_Your objective_. The output should be every line below, retyped exactly, with no images.

_Excerpted records_.
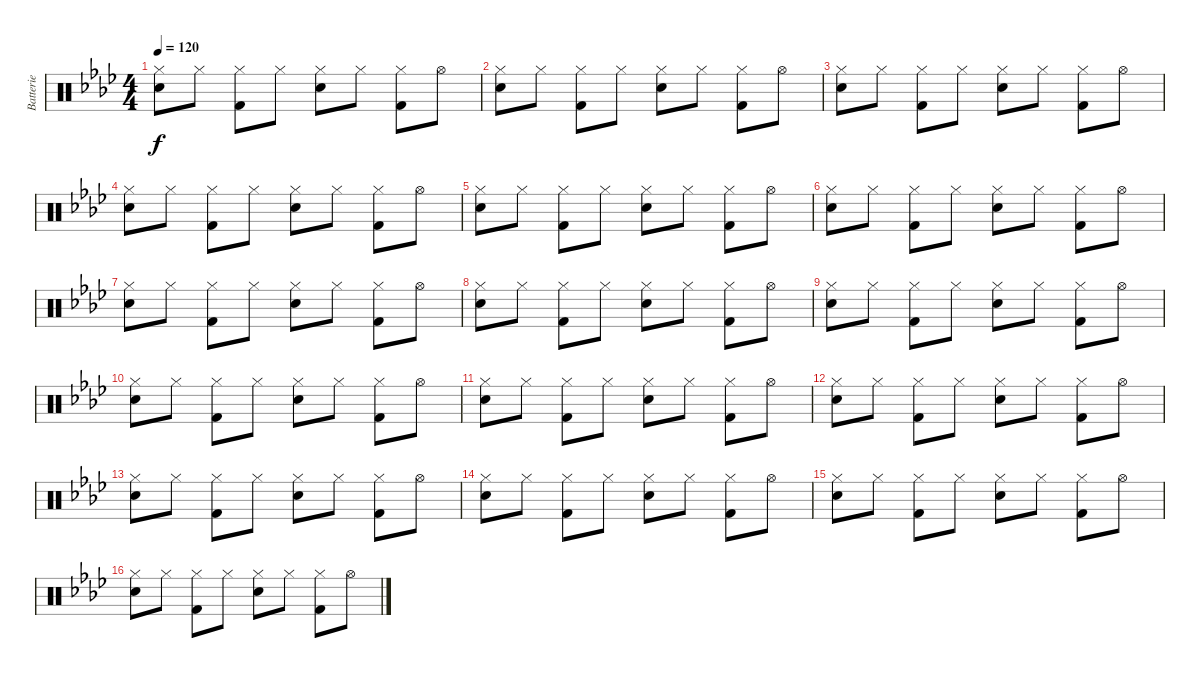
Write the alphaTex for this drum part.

\track ("Batterie" "Batterie") {instrument percussion}
\staff {score}
\articulation defaults
\ts (4 4)
\tempo 120
\clef neutral
\ks ab
("Hi-Hat (closed)" "Snare (hit) 2").8{dy f} "Hi-Hat (closed)".8 ("Hi-Hat (closed)" "Kick (hit) 2").8 "Hi-Hat (closed)".8 ("Hi-Hat (closed)" "Snare (hit) 2").8 "Hi-Hat (closed)".8 ("Hi-Hat (closed)" "Kick (hit) 2").8 "Hi-Hat (open)".8 |
("Hi-Hat (closed)" "Snare (hit) 2").8 "Hi-Hat (closed)".8 ("Hi-Hat (closed)" "Kick (hit) 2").8 "Hi-Hat (closed)".8 ("Hi-Hat (closed)" "Snare (hit) 2").8 "Hi-Hat (closed)".8 ("Hi-Hat (closed)" "Kick (hit) 2").8 "Hi-Hat (open)".8 |
("Hi-Hat (closed)" "Snare (hit) 2").8 "Hi-Hat (closed)".8 ("Hi-Hat (closed)" "Kick (hit) 2").8 "Hi-Hat (closed)".8 ("Hi-Hat (closed)" "Snare (hit) 2").8 "Hi-Hat (closed)".8 ("Hi-Hat (closed)" "Kick (hit) 2").8 "Hi-Hat (open)".8 |
("Hi-Hat (closed)" "Snare (hit) 2").8 "Hi-Hat (closed)".8 ("Hi-Hat (closed)" "Kick (hit) 2").8 "Hi-Hat (closed)".8 ("Hi-Hat (closed)" "Snare (hit) 2").8 "Hi-Hat (closed)".8 ("Hi-Hat (closed)" "Kick (hit) 2").8 "Hi-Hat (open)".8 |
("Hi-Hat (closed)" "Snare (hit) 2").8 "Hi-Hat (closed)".8 ("Hi-Hat (closed)" "Kick (hit) 2").8 "Hi-Hat (closed)".8 ("Hi-Hat (closed)" "Snare (hit) 2").8 "Hi-Hat (closed)".8 ("Hi-Hat (closed)" "Kick (hit) 2").8 "Hi-Hat (open)".8 |
("Hi-Hat (closed)" "Snare (hit) 2").8 "Hi-Hat (closed)".8 ("Hi-Hat (closed)" "Kick (hit) 2").8 "Hi-Hat (closed)".8 ("Hi-Hat (closed)" "Snare (hit) 2").8 "Hi-Hat (closed)".8 ("Hi-Hat (closed)" "Kick (hit) 2").8 "Hi-Hat (open)".8 |
("Hi-Hat (closed)" "Snare (hit) 2").8 "Hi-Hat (closed)".8 ("Hi-Hat (closed)" "Kick (hit) 2").8 "Hi-Hat (closed)".8 ("Hi-Hat (closed)" "Snare (hit) 2").8 "Hi-Hat (closed)".8 ("Hi-Hat (closed)" "Kick (hit) 2").8 "Hi-Hat (open)".8 |
("Hi-Hat (closed)" "Snare (hit) 2").8 "Hi-Hat (closed)".8 ("Hi-Hat (closed)" "Kick (hit) 2").8 "Hi-Hat (closed)".8 ("Hi-Hat (closed)" "Snare (hit) 2").8 "Hi-Hat (closed)".8 ("Hi-Hat (closed)" "Kick (hit) 2").8 "Hi-Hat (open)".8 |
("Hi-Hat (closed)" "Snare (hit) 2").8 "Hi-Hat (closed)".8 ("Hi-Hat (closed)" "Kick (hit) 2").8 "Hi-Hat (closed)".8 ("Hi-Hat (closed)" "Snare (hit) 2").8 "Hi-Hat (closed)".8 ("Hi-Hat (closed)" "Kick (hit) 2").8 "Hi-Hat (open)".8 |
("Hi-Hat (closed)" "Snare (hit) 2").8 "Hi-Hat (closed)".8 ("Hi-Hat (closed)" "Kick (hit) 2").8 "Hi-Hat (closed)".8 ("Hi-Hat (closed)" "Snare (hit) 2").8 "Hi-Hat (closed)".8 ("Hi-Hat (closed)" "Kick (hit) 2").8 "Hi-Hat (open)".8 |
("Hi-Hat (closed)" "Snare (hit) 2").8 "Hi-Hat (closed)".8 ("Hi-Hat (closed)" "Kick (hit) 2").8 "Hi-Hat (closed)".8 ("Hi-Hat (closed)" "Snare (hit) 2").8 "Hi-Hat (closed)".8 ("Hi-Hat (closed)" "Kick (hit) 2").8 "Hi-Hat (open)".8 |
("Hi-Hat (closed)" "Snare (hit) 2").8 "Hi-Hat (closed)".8 ("Hi-Hat (closed)" "Kick (hit) 2").8 "Hi-Hat (closed)".8 ("Hi-Hat (closed)" "Snare (hit) 2").8 "Hi-Hat (closed)".8 ("Hi-Hat (closed)" "Kick (hit) 2").8 "Hi-Hat (open)".8 |
("Hi-Hat (closed)" "Snare (hit) 2").8 "Hi-Hat (closed)".8 ("Hi-Hat (closed)" "Kick (hit) 2").8 "Hi-Hat (closed)".8 ("Hi-Hat (closed)" "Snare (hit) 2").8 "Hi-Hat (closed)".8 ("Hi-Hat (closed)" "Kick (hit) 2").8 "Hi-Hat (open)".8 |
("Hi-Hat (closed)" "Snare (hit) 2").8 "Hi-Hat (closed)".8 ("Hi-Hat (closed)" "Kick (hit) 2").8 "Hi-Hat (closed)".8 ("Hi-Hat (closed)" "Snare (hit) 2").8 "Hi-Hat (closed)".8 ("Hi-Hat (closed)" "Kick (hit) 2").8 "Hi-Hat (open)".8 |
("Hi-Hat (closed)" "Snare (hit) 2").8 "Hi-Hat (closed)".8 ("Hi-Hat (closed)" "Kick (hit) 2").8 "Hi-Hat (closed)".8 ("Hi-Hat (closed)" "Snare (hit) 2").8 "Hi-Hat (closed)".8 ("Hi-Hat (closed)" "Kick (hit) 2").8 "Hi-Hat (open)".8 |
("Hi-Hat (closed)" "Snare (hit) 2").8 "Hi-Hat (closed)".8 ("Hi-Hat (closed)" "Kick (hit) 2").8 "Hi-Hat (closed)".8 ("Hi-Hat (closed)" "Snare (hit) 2").8 "Hi-Hat (closed)".8 ("Hi-Hat (closed)" "Kick (hit) 2").8 "Hi-Hat (open)".8

_Reply_.
Write the alphaTex for this drum part.

\track ("Batterie" "Batterie") {instrument percussion}
\staff {score}
\articulation defaults
\ts (4 4)
\tempo 120
\clef neutral
\ks ab
("Hi-Hat (closed)" "Snare (hit) 2").8{dy f} "Hi-Hat (closed)".8 ("Hi-Hat (closed)" "Kick (hit) 2").8 "Hi-Hat (closed)".8 ("Hi-Hat (closed)" "Snare (hit) 2").8 "Hi-Hat (closed)".8 ("Hi-Hat (closed)" "Kick (hit) 2").8 "Hi-Hat (open)".8 |
("Hi-Hat (closed)" "Snare (hit) 2").8 "Hi-Hat (closed)".8 ("Hi-Hat (closed)" "Kick (hit) 2").8 "Hi-Hat (closed)".8 ("Hi-Hat (closed)" "Snare (hit) 2").8 "Hi-Hat (closed)".8 ("Hi-Hat (closed)" "Kick (hit) 2").8 "Hi-Hat (open)".8 |
("Hi-Hat (closed)" "Snare (hit) 2").8 "Hi-Hat (closed)".8 ("Hi-Hat (closed)" "Kick (hit) 2").8 "Hi-Hat (closed)".8 ("Hi-Hat (closed)" "Snare (hit) 2").8 "Hi-Hat (closed)".8 ("Hi-Hat (closed)" "Kick (hit) 2").8 "Hi-Hat (open)".8 |
("Hi-Hat (closed)" "Snare (hit) 2").8 "Hi-Hat (closed)".8 ("Hi-Hat (closed)" "Kick (hit) 2").8 "Hi-Hat (closed)".8 ("Hi-Hat (closed)" "Snare (hit) 2").8 "Hi-Hat (closed)".8 ("Hi-Hat (closed)" "Kick (hit) 2").8 "Hi-Hat (open)".8 |
("Hi-Hat (closed)" "Snare (hit) 2").8 "Hi-Hat (closed)".8 ("Hi-Hat (closed)" "Kick (hit) 2").8 "Hi-Hat (closed)".8 ("Hi-Hat (closed)" "Snare (hit) 2").8 "Hi-Hat (closed)".8 ("Hi-Hat (closed)" "Kick (hit) 2").8 "Hi-Hat (open)".8 |
("Hi-Hat (closed)" "Snare (hit) 2").8 "Hi-Hat (closed)".8 ("Hi-Hat (closed)" "Kick (hit) 2").8 "Hi-Hat (closed)".8 ("Hi-Hat (closed)" "Snare (hit) 2").8 "Hi-Hat (closed)".8 ("Hi-Hat (closed)" "Kick (hit) 2").8 "Hi-Hat (open)".8 |
("Hi-Hat (closed)" "Snare (hit) 2").8 "Hi-Hat (closed)".8 ("Hi-Hat (closed)" "Kick (hit) 2").8 "Hi-Hat (closed)".8 ("Hi-Hat (closed)" "Snare (hit) 2").8 "Hi-Hat (closed)".8 ("Hi-Hat (closed)" "Kick (hit) 2").8 "Hi-Hat (open)".8 |
("Hi-Hat (closed)" "Snare (hit) 2").8 "Hi-Hat (closed)".8 ("Hi-Hat (closed)" "Kick (hit) 2").8 "Hi-Hat (closed)".8 ("Hi-Hat (closed)" "Snare (hit) 2").8 "Hi-Hat (closed)".8 ("Hi-Hat (closed)" "Kick (hit) 2").8 "Hi-Hat (open)".8 |
("Hi-Hat (closed)" "Snare (hit) 2").8 "Hi-Hat (closed)".8 ("Hi-Hat (closed)" "Kick (hit) 2").8 "Hi-Hat (closed)".8 ("Hi-Hat (closed)" "Snare (hit) 2").8 "Hi-Hat (closed)".8 ("Hi-Hat (closed)" "Kick (hit) 2").8 "Hi-Hat (open)".8 |
("Hi-Hat (closed)" "Snare (hit) 2").8 "Hi-Hat (closed)".8 ("Hi-Hat (closed)" "Kick (hit) 2").8 "Hi-Hat (closed)".8 ("Hi-Hat (closed)" "Snare (hit) 2").8 "Hi-Hat (closed)".8 ("Hi-Hat (closed)" "Kick (hit) 2").8 "Hi-Hat (open)".8 |
("Hi-Hat (closed)" "Snare (hit) 2").8 "Hi-Hat (closed)".8 ("Hi-Hat (closed)" "Kick (hit) 2").8 "Hi-Hat (closed)".8 ("Hi-Hat (closed)" "Snare (hit) 2").8 "Hi-Hat (closed)".8 ("Hi-Hat (closed)" "Kick (hit) 2").8 "Hi-Hat (open)".8 |
("Hi-Hat (closed)" "Snare (hit) 2").8 "Hi-Hat (closed)".8 ("Hi-Hat (closed)" "Kick (hit) 2").8 "Hi-Hat (closed)".8 ("Hi-Hat (closed)" "Snare (hit) 2").8 "Hi-Hat (closed)".8 ("Hi-Hat (closed)" "Kick (hit) 2").8 "Hi-Hat (open)".8 |
("Hi-Hat (closed)" "Snare (hit) 2").8 "Hi-Hat (closed)".8 ("Hi-Hat (closed)" "Kick (hit) 2").8 "Hi-Hat (closed)".8 ("Hi-Hat (closed)" "Snare (hit) 2").8 "Hi-Hat (closed)".8 ("Hi-Hat (closed)" "Kick (hit) 2").8 "Hi-Hat (open)".8 |
("Hi-Hat (closed)" "Snare (hit) 2").8 "Hi-Hat (closed)".8 ("Hi-Hat (closed)" "Kick (hit) 2").8 "Hi-Hat (closed)".8 ("Hi-Hat (closed)" "Snare (hit) 2").8 "Hi-Hat (closed)".8 ("Hi-Hat (closed)" "Kick (hit) 2").8 "Hi-Hat (open)".8 |
("Hi-Hat (closed)" "Snare (hit) 2").8 "Hi-Hat (closed)".8 ("Hi-Hat (closed)" "Kick (hit) 2").8 "Hi-Hat (closed)".8 ("Hi-Hat (closed)" "Snare (hit) 2").8 "Hi-Hat (closed)".8 ("Hi-Hat (closed)" "Kick (hit) 2").8 "Hi-Hat (open)".8 |
("Hi-Hat (closed)" "Snare (hit) 2").8 "Hi-Hat (closed)".8 ("Hi-Hat (closed)" "Kick (hit) 2").8 "Hi-Hat (closed)".8 ("Hi-Hat (closed)" "Snare (hit) 2").8 "Hi-Hat (closed)".8 ("Hi-Hat (closed)" "Kick (hit) 2").8 "Hi-Hat (open)".8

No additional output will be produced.